Listen out for the One O’clock Gun at Edinburgh Castle.
It fires six days per week, historically to allow ships to set their clocks, today it just makes shoppers poop their pants.
Check out the views of the New Town from Advocate Close and if you can scrape together a tenner for a drink, try a cocktail at The Devil’s Advocate.
If you’re lucky you might just get a free show from the Silent Adventures Disco Tour on the Royal Mile!
You’ll hear them before you see them.
There are a couple of museums in Edinburgh’s Old Town, some of which are free to enter. Read more about them in our guide to the top museums here.

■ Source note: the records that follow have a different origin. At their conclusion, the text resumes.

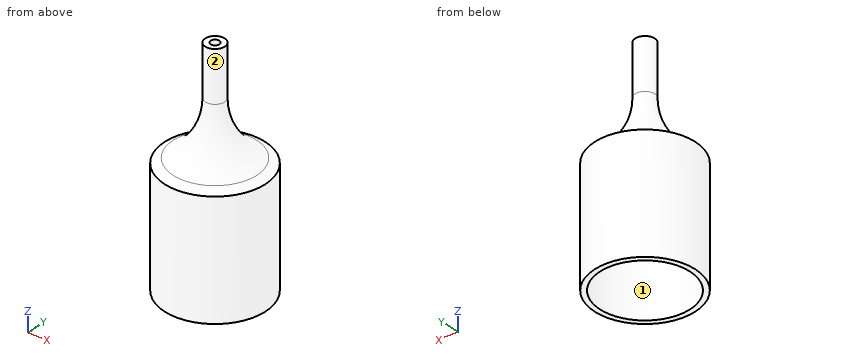
```python
from build123d import *


with BuildPart() as f2:
    # F0 (on Front) → F2 (revolve)
    with BuildSketch(Plane.XZ):
        with BuildLine():
            Line((-28.4, 0), (-25.4, 0))
            Line((-25.4, 0), (-25.4, 63.5))
            Line((-25.4, 63.5), (-22.121717, 65.318087))
            ThreePointArc((-22.121717, 65.318087), (-7.769887, 79.303451), (-2.5, 98.637197))
            Line((-2.5, 98.637197), (-2.5, 127))
            Line((-2.5, 127), (-5.5, 127))
            Line((-5.5, 127), (-5.5, 98.637197))
            ThreePointArc((-5.5, 98.637197), (-10.354936, 80.825794), (-23.5767, 67.941639))
            Line((-23.5767, 67.941639), (-28.4, 65.266708))
            Line((-28.4, 65.266708), (-28.4, 0))
        make_face()
    revolve(axis=Axis((0, 0, 64.849392), (0, 0, 1)))


solid = f2.part
```
Design review of the part built by this model. Coordinates are the model's own, in mm. Face numbers are marked on the shaded views. Give positions to 0.01 mm unless a question says otherwise; leave off trailing zeros. Write each loop counter-clockwise with the first axis right and the second up, starting at its lowest first coordinate (ties: lowest second). Pieces come first, ordered by that corner, then holes. Notation, with made-up numbers: (-5.5, 53) - (26.5, 53) arc R8 ccw to (26.5, 60) - close; hole circle Ø5 at (79, 77). An arc over 180 degrees is marked (long way). Return JSON: item names as keys, results as strings. Group by question number.
(1) We need section C-C, the plane z = 28. Give the boundary of the cut face in (x, y), then the cut area to 3 significant figures.
(2) To check wall thickness, follow probe 1 along Y at (x, z) = (0, 118.25); probe 2 along Y at (x, z) = (0, 14). State the ranges of each line that lie inside material, in increasing order.
(3) We need section D-D, the plane z = 76. Give the boundary of the cut face in (x, y), then the cut area to 3 significant figures.
(4) We need section A-A, the plane x = 0. Give the boundary of the cut face in (y, z).
(5) Mouldability with a two-part tool opening along X and no side actions: class the marked faces 1 and 2 as +X half, -X half, draft (parallel to the pull), parting line (faces both ways), or undercut.
(6) Insertion check: pin 1 (3 mm diameter, centred on x = -7.5, z = 78.5, fed in from -Y); pin 2 (1 mm diameter, centred on y = 0.5, z = 82.5, fed in from +X); pin 3 (1.5 mm diameter, centred on x = -14.5, y = 4, fed in from +Z). Each pin has a flat end and moves straight along its axis. Give the tip position at first contact, or say it passes through.
Reported:
{
 "1": {"outline": "circle Ø56.8 at (0, 0); hole circle Ø50.8 at (0, 0)", "area": "507 mm2"},
 "2": {"probe 1": "y = -5.5 to -2.5, 2.5 to 5.5", "probe 2": "y = -28.4 to -25.4, 25.4 to 28.4"},
 "3": {"outline": "circle Ø27.55 at (0, 0); hole circle Ø19.91 at (0, 0)", "area": "285 mm2"},
 "4": {"outline": "(-28.4, 0) - (-25.4, 0) - (-25.4, 63.5) - (-22.12, 65.32) arc R38.1 ccw to (-2.5, 98.64) - (-2.5, 127) - (-5.5, 127) - (-5.5, 98.64) arc R35.1 cw to (-23.58, 67.94) - (-28.4, 65.27) - close; (2.5, 98.64) arc R38.1 ccw to (22.12, 65.32) - (25.4, 63.5) - (25.4, 0) - (28.4, 0) - (28.4, 65.27) - (23.58, 67.94) arc R35.1 cw to (5.5, 98.64) - (5.5, 127) - (2.5, 127) - close"},
 "5": {"face 1": "undercut", "face 2": "parting line"},
 "6": {"pin 1": "stops at y = -10.89", "pin 2": "stops at x = 9.68", "pin 3": "stops at z = 75.4"}
}

Read next | Virtual tours in Edinburgh you can do at home
2. Edinburgh Museums Free Options
While most of Edinburgh’s museums are free to enter you can show your appreciation at then gift shop or museum cafe.
3. The Writer’s Museum
The Writer’s Museum (Lawnmarket, Lady Stair’s Close) shares the story of Scotland’s literary greats Robert Burns, Sir Walter Scott and Robert Louis Stevenson.
Book fans may also like are guide on books based in Edinburgh.

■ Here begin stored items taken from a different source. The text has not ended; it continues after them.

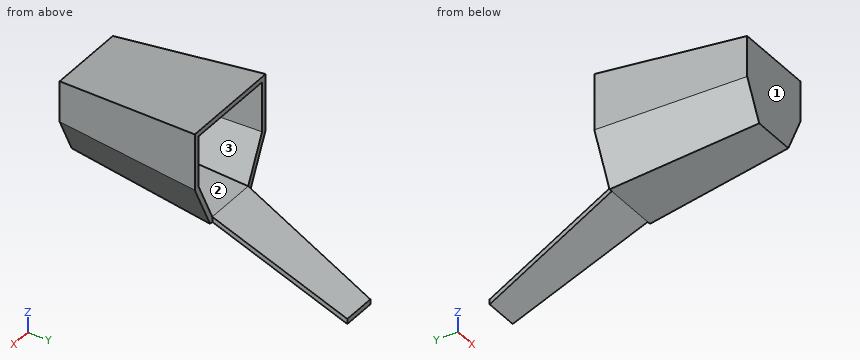
```python
from build123d import *

# Parameters (mm, degrees)
SHELL1_T  = -2.54
SKETCH8_W = 25.766394978
SKETCH8_H = 2.550104265
SKETCH6_W = 16.51
SKETCH6_H = 2.54


with BuildPart() as part:
    # Sketch3 → Loft2 section 0
    with BuildSketch(Plane(origin=(0, 71.12, 0), x_dir=(1, 0, 0), z_dir=(0, 1, 0))):
        Polygon((-14.507793078, 34.926174233), (14.507793078, 34.926174233), (25.4, 11.567761108), (25.4, -16.51), (-25.4, -16.51), (-25.4, 11.567761108), align=None)
    # Sketch1 → Loft2 section 1
    with BuildSketch(Plane(origin=(0, 0, 0), x_dir=(1, 0, 0), z_dir=(0, 1, 0))):
        Polygon((-10.462396921, 28.576174233), (10.462396921, 28.576174233), (19.05, 10.16), (19.05, -10.16), (-19.05, -10.16), (-19.05, 10.16), align=None)
    loft()

    # Shell1
    shell1_openings = [part.faces().sort_by_distance(p)[0] for p in [
        (0, 71.12, -9.994645113),
    ]]
    offset(amount=SHELL1_T, openings=shell1_openings, kind=Kind.INTERSECTION)

    # Sketch8 → Loft3 section 0
    with BuildSketch(Plane(origin=(0, 71.12, 0), x_dir=(1, 0, 0), z_dir=(0, 1, 0))):
        with Locations((0, 33.651122101)):
            Rectangle(SKETCH8_W, SKETCH8_H)
    # Sketch6 → Loft3 section 1
    with BuildSketch(Plane(origin=(0, 134.62, 0), x_dir=(1, 0, 0), z_dir=(0, 1, 0))):
        with Locations((0, 61.596174233)):
            Rectangle(SKETCH6_W, SKETCH6_H)
    loft()


solid = part.part
```
Part model, mm, in its own coordinate system. Face numbers are marked on the shaded views. Round coordinates to 2 decimals unless told otherwise and drop trailing zeros. Use CSV: the item, a comma, the result in double quotes. Start each with the question number.
1) Drop flat-ended pins along their axis: P1, Ø6, axis at x = -5, y = 70.5, coming from the +Z side; P2, Ø6, axis at x = -4, y = 15, coming from the +Z side; P3, Ø3, axis at y = 120, z = -55, coming from the +X side. Give the stop position or say it passes through.
2) Wall check: L1, parallel to X at y = 45, z = 3; L2, parallel to Y at x = 7.5, z = -8; L3, parallel to X at y = 52, z = 3. Give the ranges that are in metal, low to high. Write a range as [from, to].
3) Pull direction Z, two halves, no side cores. Call the marked faces 1, 2 and 3: +Z half, -Z half, draft (parallel to the pull), parting line (faces both ways), or undercut.
Determined:
1,P1,"stops at z = 16.51"
1,P2,"stops at z = 11.77"
1,P3,"stops at x = 9.43"
2,L1,"x = [-23.07, -20.52], [20.52, 23.07]"
2,L2,"y = [0, 2.54]"
2,L3,"x = [-23.69, -21.14], [21.14, 23.69]"
3,face 1,"draft"
3,face 2,"undercut"
3,face 3,"undercut"

The building isn’t just steeped in literary history, according to some records, this is where the first known African servant in Edinburgh, a man called Oronoce, was kept by Lady Stair.
While Edinburgh’s literary past is celebrated, its black heritage and relationship with the transatlantic slave trade is lesser-known.
While you wander around the New Town, consider that many of the buildings were built using money made from the merchants who become wealthy from owning plantations and enslaved people.
4. Museum on the Mound
Have you ever seen a million pounds IRL?
Well, you can, for free, at the Museum on the Mound.
5. The Children’s Museum
The Children’s Museum (Royal Mile) is another free museum in Edinburgh which hosts interactive games and an interesting dolls room…
Visiting as a family? Here’s our guide to child-friendly activities in the city.
6. National Museum of Scotland
If you are looking for planes, sharks and technology, head to the National Museum of Scotland (Chamber Street).
Free to enter but worth booking a table at the museum restaurant, Tower Restaurant, for the views of the Castle.Alternatively, pop up to the roof terrace which is free.
Predominantly known for its pub crawl options, there are a couple of free attractions in Edinburgh’s Grassmarket.
Sniff the food stalls at the Saturday farmer’s market, take a photo of the colourful Victoria Street with its cobbled stones and enjoy the short hike up The Vennel stairs for views of Castle Rock and Edinburgh Castle.
This is a great place to return in the evening – check out our guide for things to do in Edinburgh at night.
→ Pro tip | Come back with a budget & drink at Cold Town House.
8. Greyfriars Bobby
Greyfriars Bobby is not just any old best man’s friend.
The cute Skye Terrier is known for guarding the grave of his owner, John Gray, for over a decade after his death.
This story has been reenacted in film. Rub Bobby’s nose at Candlemaker Row.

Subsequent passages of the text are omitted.